Ist er so stabil wie er aussieht?
Ist er sehr schwer im Vergleich zu anderen Trolleys?
Läuft er gut und lässt er sich leicht vorwärtsbewegen?

Auf den Bilderns sitzt die Achse mMn ziemlich weit vorne. Da ich leider schon üble Bandscheiben Probleme habe, ist es für mich wirklich wichtig, ob das Gewicht auf der Achse liegt oder ich den Großteil wieder selber heben müsste.#t

Vielen Dank für jegliche Erfahrungsberichte!
Euer Schnürlwascher #:


----------



## MB Carpfisher (14. August 2012)

*AW: Erfahrungen mit DAM MAD Transformer Trolley?*

Ich habe den Daiwa Infinity Freeloader,der ist ziemlich Baugleich mit dem MAD Trolley.

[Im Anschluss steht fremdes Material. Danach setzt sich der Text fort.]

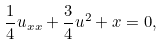Convert formula to latex. <formula><loc_0><loc_0><loc_500><loc_500>\frac { 1 } { 4 } u _ { x x } + \frac { 3 } { 4 } u ^ { 2 } + x = 0 ,</formula>

Meiner Meinung nach einer besten auf dem Markt #6
Durch den Klappmechanismus super einfach zu verstauen,und trotzdem extrem stabil!!! Muss zum Transport nur die Griffteile abmachen,und dann passt er perfekt in den Kombi 
Finde den Daiwa allerdings besser weil er 
a: nicht so einen extremen Stollenreifen hat
b: noch über eine integrierte Packtasche verfügt
c: die hinteren Stützbeine nicht so lang sind

Alles in allem ein Top Gerät für 119 € #6


----------



## Der Buhnenfischer (15. August 2012)

*AW: Erfahrungen mit DAM MAD Transformer Trolley?*

Ich habe einen Transformer (zu verkaufen) und bleibe bei meinem 2012er B.Richi "Gigant" Trolley.
Beim Transformer stört mich das grobe Reifenprofil und das ich ihn nich so klein zerlegen kann wie den Gigant.


----------



## Schnürlwascher (16. August 2012)

*AW: Erfahrungen mit DAM MAD Transformer Trolley?*

Danke für die Antworten #6

Vorgestern war ich mal beim FP und hab mich mal "live" nach Trolleys umgesehen.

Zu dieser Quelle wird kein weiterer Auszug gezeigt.